But if the number of cells grows this approach is not suitable
anymore. A chip with 1Gbit
{I hate those SI prefixes. For me
a giga-bit will always be 230 and not 109 bits.}
capacity
would need 30 address lines and 230 select lines. The size of a
demultiplexer increases exponentially with the number of input lines
when speed is not to be sacrificed. A demultiplexer for 30 address
lines needs a whole lot of chip real estate in addition to the
complexity (size and time) of the demultiplexer. Even more
importantly, transmitting 30 impulses on the address lines
synchronously is much harder than transmitting only 15 impulses.
Fewer lines have to be laid out at exactly the same length or timed
appropriately. {Modern DRAM types like DDR3 can automatically
adjust the timing but there is a limit as to what can be tolerated.}
Figure 2.7: Dynamic RAM Schematic
Figure 2.7 shows a DRAM chip at a very high level. The DRAM
cells are organized in rows and columns. They could all be aligned in
one row but then the DRAM chip would need a huge demultiplexer. With
the array approach the design can get by with one demultiplexer and
one multiplexer of half the size. {Multiplexers and
demultiplexers are equivalent and the multiplexer here needs to work
as a demultiplexer when writing. So we will drop the differentiation
from now on.} This is a huge saving on all fronts. In the example
the address lines
a0 and
a1 through the row address
selection
(RAS)
demultiplexer select the address lines of a whole row of cells. When
reading, the content of all cells is thusly made available to the
column address selection
(CAS)
{The line over the name
indicates that the signal is negated} multiplexer. Based on the
address lines a2 and
a3 the content of one column is
then made available to the data pin of the DRAM chip. This happens
many times in parallel on a number of DRAM chips to produce a total
number of bits corresponding to the width of the data bus.
For writing, the new cell value is put on the data bus and, when the
cell is selected using the RAS and CAS, it is stored in the cell.

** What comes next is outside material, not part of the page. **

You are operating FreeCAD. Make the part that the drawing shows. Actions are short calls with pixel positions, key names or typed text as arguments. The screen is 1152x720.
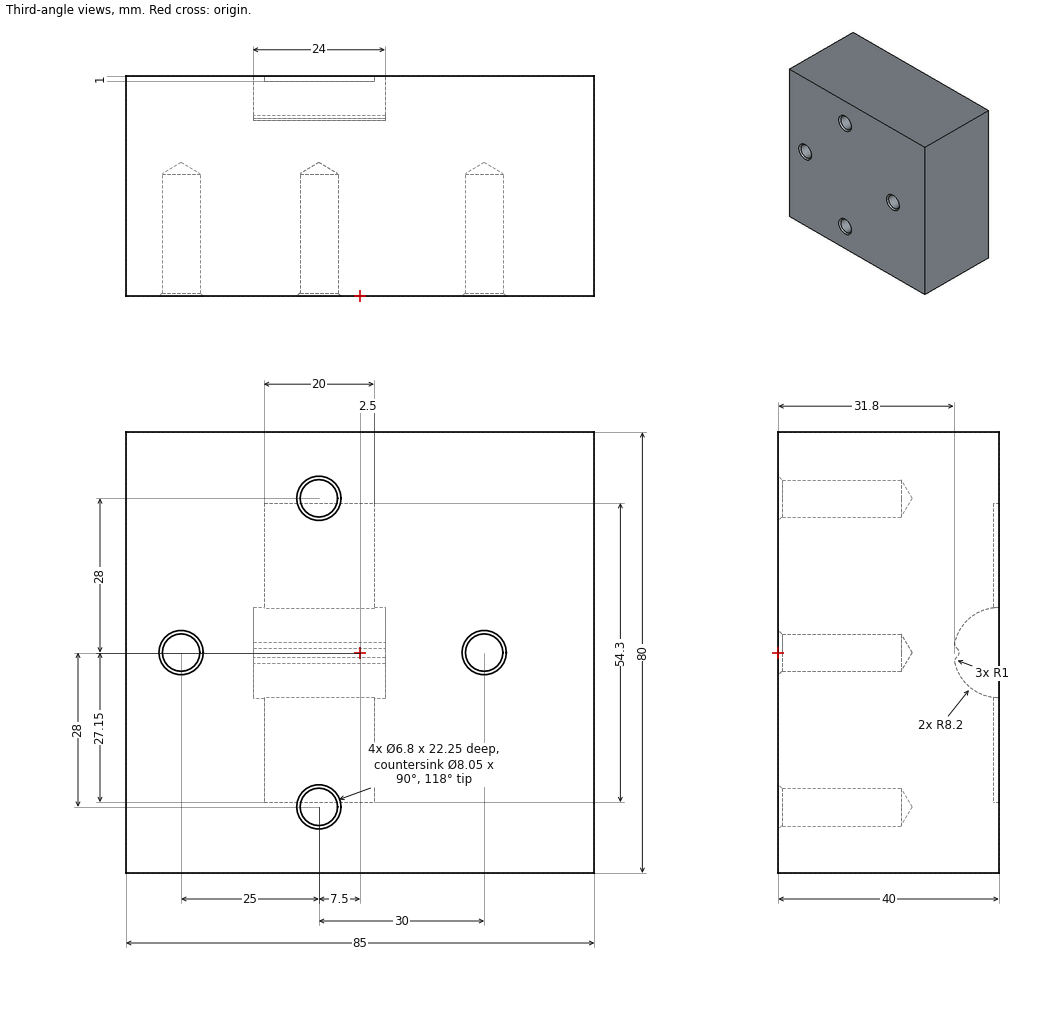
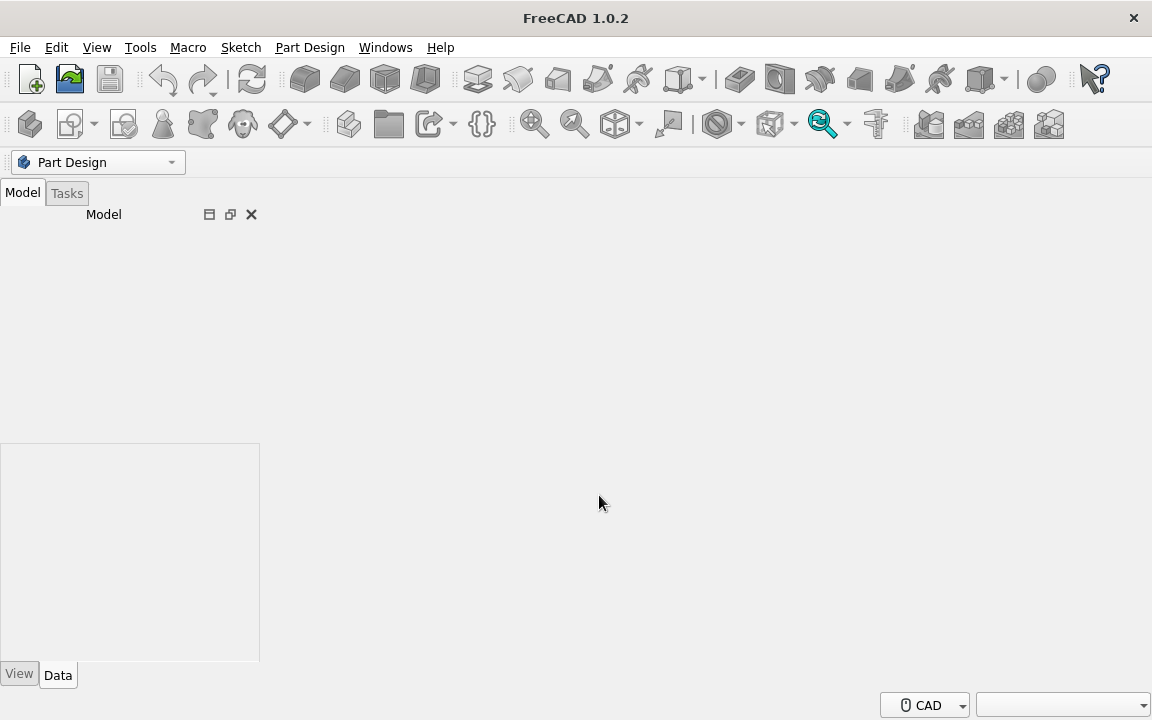
click(30, 80)

A pretty straightforward design. There are in reality — obviously — many
more complications. There need to be specifications for how much delay there
is after the signal before the data will be available on the data bus for
reading. The capacitors do not unload instantaneously, as described
in the previous section. The signal from the cells is so weak that
it needs to be amplified. For writing it must be specified how long
the data must be available on the bus after the RAS and CAS is
done to successfully store the new value in the cell (again, capacitors
do not fill or drain instantaneously). These timing constants are
crucial for the performance of the DRAM chip. We will talk about this
in the next section.
A secondary scalability problem is that having 30 address lines
connected to every RAM chip is not feasible either. Pins of a chip
are a precious resources. It is bad enough that the data must be
transferred as much as possible in parallel (e.g., in 64 bit batches).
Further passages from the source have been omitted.